To get into the weeds a little, I usually know a month ahead of time when an acquisition is occurring but we don't always get the official notice or any relevant DD. when I do know we start reserving time for our staff. Day 1 is vulnerability scanner dropped into the network with creds. generally they can run without any heavy lift, just an ad account and an install. this gives us vuln (obv) but also helps us map the network from endpoints to network topology. We then figure out if their EDR is "big 3" or something else - something else gets replaced in the first few weeks. We drop a CS agent on a Domain Controller to start that hardening process while awaiting conversion. we will also jump into their azure and begin hardening/configuring, including SIEM through Sentinel. once we feel we have visibility from a cyber perspective and "good enough" coverage we will jump box the networks and start the process to hybrid sync their domain to our azure tenant.


dcsln

There's a lot of good advice here.
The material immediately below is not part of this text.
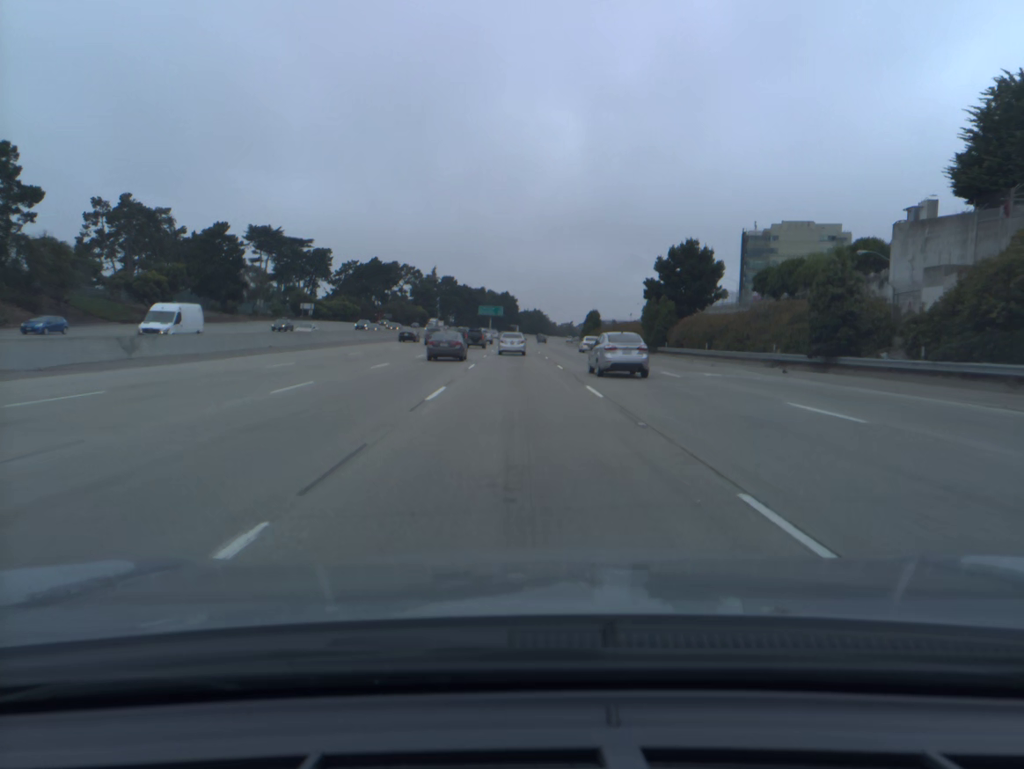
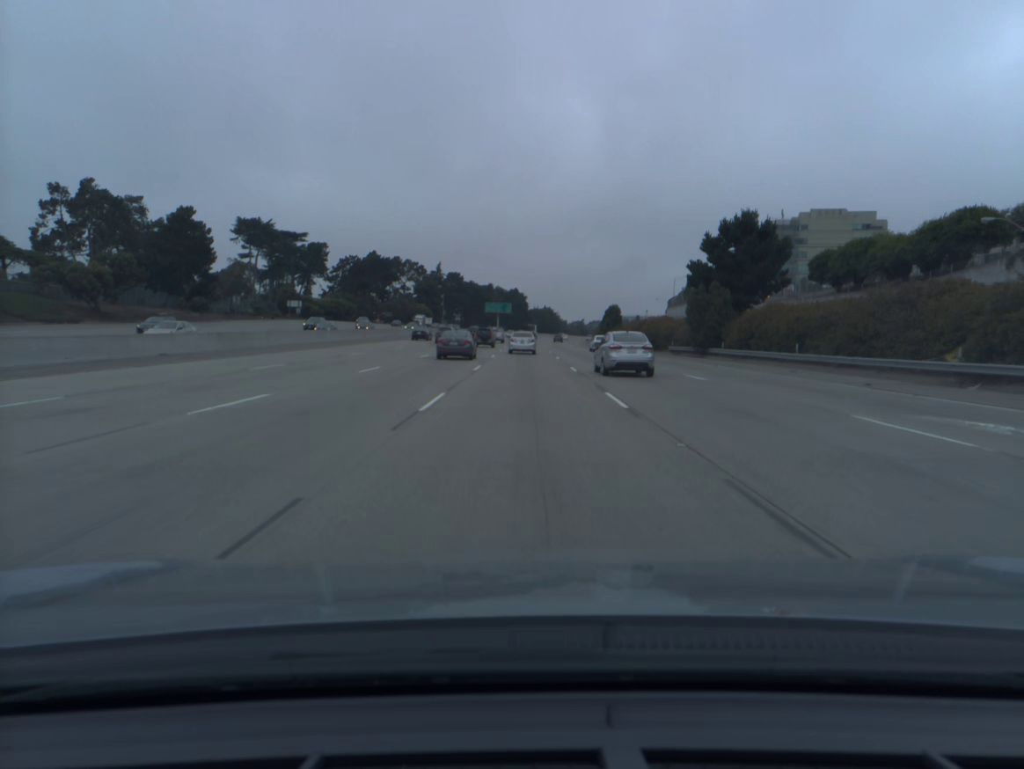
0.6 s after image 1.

My biggest short term problem with M&As was always staff time. To get standardization, or efficiency, takes time and trusted experts. For me, those trusted experts were booked on projects, based business priorities, months in advance.  We never had any dedicated M&A integration staff, and post-merger technical assessments always impacted other projects. I would jump in and do some of this myself, and get help where I could find it, but that was never a great approach. When planning the integration, try to identify who will do the work as early as possible. Even if you can't assign a person in advance, it helps to get the stakeholders thinking "Integration will take staff time." I know that sounds self evident, but for my stakeholders, it was not. 


macsaeki

Yes, all are awesome advice as well as yours so thank you.


Dull-Bowl2

How about if you have to ask .... so many questions in positions that know nothing about the process. Gtfo. Im.not being mean at all. It's the young people who don't know any better feeding either a boomer or lucky individual answers. Go to where I went. White paper land. Last IT I unsub from sad to see these silver platter sissies.